Planning for Social Collaboration in Your Company

By Guest Author  |  Posted 2014-08-04 Email Print this article Print
 
 
 
 
 
 
 
social collaboration

Video conferencing, IM, blogs, wikis and activity streams are the norm as large firms connect their employees across groups, skills and geographic boundaries.

By Andrew Wilson

When I became Accenture’s CIO a year ago, I began reflecting on how the role of the CIO has changed. When we talk about this role, we’re really talking about the role of technology and how it enables the business. The key question is, "How can we stay in control of technologies that constantly shift and evolve?"

Social collaboration is an exciting innovation that fosters new ways of communicating and sharing information throughout an organization. Evolving business models demand different ways of communicating, undertaking work, measuring value and connecting—with different and faster ways that go beyond the classic enablement of IT.

Given that so much collaboration happens through digital channels, there is the potential for almost limitless collaboration with everyone else connected to the Internet—regardless of whether or not they're your employee.

Video conferencing, instant messaging (IM), blogs, wikis and activity streams have all become the norm as large companies push to connect their employees across groups, skills and geographic boundaries. With so many options, deciding where to start can be overwhelming, so I’ve listed a few tips below to help you get started with social collaboration:

· Set a clear agenda. 
It's important to define a clear set of objectives with specific strategies, rather than settling for stop-gap measures. This will guide your choice of solutions and implementation plans.

For instance, one of our goals at Accenture was to better connect our nearly 300,000 employees, regardless of geography. To that end, we made significant investments in video collaboration tools, and the impact of video communications on the way we work has been momentous.

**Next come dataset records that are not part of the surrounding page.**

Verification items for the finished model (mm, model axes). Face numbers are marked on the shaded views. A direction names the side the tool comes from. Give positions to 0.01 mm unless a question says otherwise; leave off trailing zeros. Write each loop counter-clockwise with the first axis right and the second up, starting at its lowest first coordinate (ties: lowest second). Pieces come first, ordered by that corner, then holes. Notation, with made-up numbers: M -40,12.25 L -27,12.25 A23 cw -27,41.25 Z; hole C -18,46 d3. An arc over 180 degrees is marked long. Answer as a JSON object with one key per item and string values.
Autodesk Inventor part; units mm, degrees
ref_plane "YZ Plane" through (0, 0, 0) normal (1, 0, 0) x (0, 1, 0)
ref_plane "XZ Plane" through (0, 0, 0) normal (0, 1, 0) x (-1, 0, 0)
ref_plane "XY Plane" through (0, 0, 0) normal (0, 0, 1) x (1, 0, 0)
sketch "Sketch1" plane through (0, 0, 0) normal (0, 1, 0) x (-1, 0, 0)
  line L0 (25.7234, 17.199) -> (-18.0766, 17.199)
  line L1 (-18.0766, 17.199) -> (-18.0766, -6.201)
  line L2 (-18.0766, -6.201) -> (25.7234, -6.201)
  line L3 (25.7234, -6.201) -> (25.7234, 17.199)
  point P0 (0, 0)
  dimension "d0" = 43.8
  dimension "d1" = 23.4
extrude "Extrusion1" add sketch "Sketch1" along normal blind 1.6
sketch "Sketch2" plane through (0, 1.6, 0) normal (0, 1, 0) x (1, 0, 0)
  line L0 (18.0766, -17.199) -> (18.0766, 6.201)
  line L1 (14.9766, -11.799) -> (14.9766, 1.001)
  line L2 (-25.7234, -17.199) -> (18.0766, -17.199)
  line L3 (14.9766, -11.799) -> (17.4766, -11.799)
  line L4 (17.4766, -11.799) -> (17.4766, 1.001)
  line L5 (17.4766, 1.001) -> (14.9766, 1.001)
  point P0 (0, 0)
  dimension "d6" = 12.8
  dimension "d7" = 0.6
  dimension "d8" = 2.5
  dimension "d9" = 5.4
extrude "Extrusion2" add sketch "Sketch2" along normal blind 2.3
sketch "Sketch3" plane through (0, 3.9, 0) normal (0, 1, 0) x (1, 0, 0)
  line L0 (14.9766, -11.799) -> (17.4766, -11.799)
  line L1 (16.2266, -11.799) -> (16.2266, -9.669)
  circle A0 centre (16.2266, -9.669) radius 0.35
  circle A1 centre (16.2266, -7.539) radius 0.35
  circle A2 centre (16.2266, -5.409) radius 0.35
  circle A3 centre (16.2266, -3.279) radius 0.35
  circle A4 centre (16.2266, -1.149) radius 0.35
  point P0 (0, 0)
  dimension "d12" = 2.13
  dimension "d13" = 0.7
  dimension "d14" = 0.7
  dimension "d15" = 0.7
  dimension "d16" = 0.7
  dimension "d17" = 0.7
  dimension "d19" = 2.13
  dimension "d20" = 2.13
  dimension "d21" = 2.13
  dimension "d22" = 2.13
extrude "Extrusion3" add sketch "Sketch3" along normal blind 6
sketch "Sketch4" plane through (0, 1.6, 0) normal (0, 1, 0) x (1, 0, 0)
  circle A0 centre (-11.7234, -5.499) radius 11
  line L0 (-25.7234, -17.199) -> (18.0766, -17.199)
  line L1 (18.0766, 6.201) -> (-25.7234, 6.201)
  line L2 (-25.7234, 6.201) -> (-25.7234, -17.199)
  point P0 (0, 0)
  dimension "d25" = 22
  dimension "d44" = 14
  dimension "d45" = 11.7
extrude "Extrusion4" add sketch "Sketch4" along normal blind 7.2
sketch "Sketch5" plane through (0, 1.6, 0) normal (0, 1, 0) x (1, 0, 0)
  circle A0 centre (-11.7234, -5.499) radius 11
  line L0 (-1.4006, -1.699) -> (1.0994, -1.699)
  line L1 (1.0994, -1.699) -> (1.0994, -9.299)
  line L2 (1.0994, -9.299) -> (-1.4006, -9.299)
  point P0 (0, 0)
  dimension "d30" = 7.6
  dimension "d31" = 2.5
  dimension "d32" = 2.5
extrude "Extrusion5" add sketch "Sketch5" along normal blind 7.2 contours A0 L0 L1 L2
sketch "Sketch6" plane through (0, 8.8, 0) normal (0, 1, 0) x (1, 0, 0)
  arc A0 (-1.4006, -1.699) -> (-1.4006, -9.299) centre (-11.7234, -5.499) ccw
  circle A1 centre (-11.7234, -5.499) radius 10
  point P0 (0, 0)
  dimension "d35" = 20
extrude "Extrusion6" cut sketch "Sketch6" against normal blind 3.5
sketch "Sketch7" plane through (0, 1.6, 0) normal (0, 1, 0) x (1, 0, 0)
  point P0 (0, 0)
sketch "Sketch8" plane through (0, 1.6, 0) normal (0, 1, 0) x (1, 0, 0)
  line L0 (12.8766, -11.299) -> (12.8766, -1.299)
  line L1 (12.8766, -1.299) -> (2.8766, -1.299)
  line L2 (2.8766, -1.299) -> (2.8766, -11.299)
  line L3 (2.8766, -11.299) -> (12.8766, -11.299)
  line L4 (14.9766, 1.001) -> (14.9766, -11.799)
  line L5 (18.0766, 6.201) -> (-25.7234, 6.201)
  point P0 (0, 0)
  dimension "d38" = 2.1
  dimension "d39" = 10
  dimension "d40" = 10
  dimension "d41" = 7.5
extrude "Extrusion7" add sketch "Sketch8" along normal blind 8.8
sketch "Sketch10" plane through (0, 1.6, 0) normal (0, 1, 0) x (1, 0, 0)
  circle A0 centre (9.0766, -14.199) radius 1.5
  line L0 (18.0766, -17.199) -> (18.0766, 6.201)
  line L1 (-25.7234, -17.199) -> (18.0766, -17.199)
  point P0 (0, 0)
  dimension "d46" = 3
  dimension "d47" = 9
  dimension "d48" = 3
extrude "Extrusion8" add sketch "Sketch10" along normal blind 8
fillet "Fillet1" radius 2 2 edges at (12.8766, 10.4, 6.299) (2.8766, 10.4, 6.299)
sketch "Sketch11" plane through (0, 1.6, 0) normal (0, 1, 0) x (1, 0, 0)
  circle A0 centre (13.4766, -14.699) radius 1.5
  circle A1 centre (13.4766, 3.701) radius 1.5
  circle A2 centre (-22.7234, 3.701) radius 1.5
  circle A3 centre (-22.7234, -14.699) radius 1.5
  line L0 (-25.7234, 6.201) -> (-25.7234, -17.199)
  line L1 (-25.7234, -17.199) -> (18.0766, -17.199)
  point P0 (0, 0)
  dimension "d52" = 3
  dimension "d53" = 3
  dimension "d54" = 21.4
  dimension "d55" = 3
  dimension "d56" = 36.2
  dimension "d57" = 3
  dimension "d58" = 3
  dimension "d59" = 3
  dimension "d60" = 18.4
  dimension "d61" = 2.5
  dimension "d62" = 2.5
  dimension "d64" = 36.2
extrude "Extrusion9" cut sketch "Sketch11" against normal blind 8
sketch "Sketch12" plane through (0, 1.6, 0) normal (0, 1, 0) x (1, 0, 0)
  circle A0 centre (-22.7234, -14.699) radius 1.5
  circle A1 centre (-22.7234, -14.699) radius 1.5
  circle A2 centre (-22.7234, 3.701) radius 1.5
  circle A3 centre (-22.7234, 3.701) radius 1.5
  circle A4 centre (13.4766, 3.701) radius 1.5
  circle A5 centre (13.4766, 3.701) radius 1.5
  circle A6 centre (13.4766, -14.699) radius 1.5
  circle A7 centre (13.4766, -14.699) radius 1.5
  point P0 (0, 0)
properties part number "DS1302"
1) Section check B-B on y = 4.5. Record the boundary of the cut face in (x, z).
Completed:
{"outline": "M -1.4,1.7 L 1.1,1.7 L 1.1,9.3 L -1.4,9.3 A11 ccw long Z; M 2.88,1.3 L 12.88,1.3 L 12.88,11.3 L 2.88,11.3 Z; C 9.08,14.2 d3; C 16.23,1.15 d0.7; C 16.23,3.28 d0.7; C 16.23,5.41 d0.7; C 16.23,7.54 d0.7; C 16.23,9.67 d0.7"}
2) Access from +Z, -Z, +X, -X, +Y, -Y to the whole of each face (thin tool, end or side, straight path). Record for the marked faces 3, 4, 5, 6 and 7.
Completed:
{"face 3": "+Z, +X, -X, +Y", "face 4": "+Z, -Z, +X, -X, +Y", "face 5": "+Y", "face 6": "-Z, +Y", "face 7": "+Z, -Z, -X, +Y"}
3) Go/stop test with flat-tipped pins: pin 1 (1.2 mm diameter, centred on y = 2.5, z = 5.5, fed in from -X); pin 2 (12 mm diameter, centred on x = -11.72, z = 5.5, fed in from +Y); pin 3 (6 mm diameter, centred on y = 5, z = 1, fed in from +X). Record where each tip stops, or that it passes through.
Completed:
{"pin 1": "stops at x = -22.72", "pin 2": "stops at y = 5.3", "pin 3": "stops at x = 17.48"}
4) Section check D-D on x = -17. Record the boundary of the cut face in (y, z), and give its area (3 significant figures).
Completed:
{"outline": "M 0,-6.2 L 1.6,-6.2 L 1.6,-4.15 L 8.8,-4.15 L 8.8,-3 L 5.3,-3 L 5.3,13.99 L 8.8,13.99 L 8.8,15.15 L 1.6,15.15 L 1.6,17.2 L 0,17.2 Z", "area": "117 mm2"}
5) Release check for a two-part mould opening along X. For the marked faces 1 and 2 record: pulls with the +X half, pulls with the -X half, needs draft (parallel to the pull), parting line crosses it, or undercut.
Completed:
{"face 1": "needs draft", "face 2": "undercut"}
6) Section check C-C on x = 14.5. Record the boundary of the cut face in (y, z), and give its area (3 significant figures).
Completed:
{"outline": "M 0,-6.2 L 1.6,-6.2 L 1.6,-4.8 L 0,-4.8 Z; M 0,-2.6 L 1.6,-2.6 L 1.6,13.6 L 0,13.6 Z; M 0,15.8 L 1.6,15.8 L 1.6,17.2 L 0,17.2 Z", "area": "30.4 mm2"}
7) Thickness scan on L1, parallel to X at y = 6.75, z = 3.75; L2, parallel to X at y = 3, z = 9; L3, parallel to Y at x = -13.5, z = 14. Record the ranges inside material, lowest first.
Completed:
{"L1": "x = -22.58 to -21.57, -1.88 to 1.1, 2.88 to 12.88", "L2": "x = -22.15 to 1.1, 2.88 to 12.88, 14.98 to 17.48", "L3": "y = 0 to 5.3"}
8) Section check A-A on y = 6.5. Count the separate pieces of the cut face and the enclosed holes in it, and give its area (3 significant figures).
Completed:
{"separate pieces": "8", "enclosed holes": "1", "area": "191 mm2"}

Tangible business benefits—including lower travel costs and more face time with colleagues and clients­—translate into greater efficiency and substantial savings. But beyond that, video has allowed colleagues to forge stronger relationships and improve productivity, since face-to-face contact gives the ability to see and read those vital cues that help us gauge how messages and ideas are being received.

· Don’t be afraid to experiment.

To a certain degree, CIOs serve as gatekeepers to technology’s rate of adoption for employees. However, new options for social collaboration are popping up every week, and many of them deserve a closer look.

We are experimenting with numerous collaboration technologies, and based on feedback, we’re determining what solutions best resonate with the teams and provide the best user experience. The key is to create and measure against specific criteria, and not to linger on a solution that isn’t working out.

·  Foster support from the top down.

It’s true that many social collaboration technologies are implemented and then go nowhere. I believe that support in the form of regular interaction from senior executives is paramount in encouraging social collaboration across the organization. Internal blogging, for instance, has become very popular with my team and across the company, and the immediate feedback received often contains valuable insights.

The fact is, social collaboration is happening in organizations—whether it's planned or not. Communities of shared interest organically form or are forming around almost every product, service or idea that can be imagined.

Savvy digital organizations know that social networking and crowdsourcing to collaborative tools provide new potential to improve organizational agility, increase productivity, aid decision making and spark idea generation.  This also feeds into the crowdsourcing trend, as collaboration technologies now allow organizations to tap into vast pools of resources across the world. This can give every business access to an immense agile workforce that is sometimes better-suited to solving some of the problems that organizations may struggle with today.

To me, the effective CIO of today and tomorrow is a combination of consultant, aggregator, technology buyer, technology partner, innovator and, critically, still very much an operator. The CIO’s role here is to lead the business in exploring the art of the possible.

While social collaboration adds another layer to the mix, it can actually ease the burden: We are now more aware of how social technology can be a competitive differentiator. Rather than accept modest improvements from these technologies, executives should aim high and pursue the greater gains that can come by embedding collaboration into specific processes, incentivizing collaborative behaviors and thinking more strategically about these important technologies.

As the CIO for Accenture, Andrew Wilson leads the global IT operations of a $28.6 billion company, including the infrastructure, services and applications that enable Accenture employees to work anytime, anywhere to serve clients in more than 120 countries. Wilson ensures that Accenture is at the forefront of innovation as a digital business—from mission-critical applications to the network, from email and laptops to enterprise social media and collaboration tools.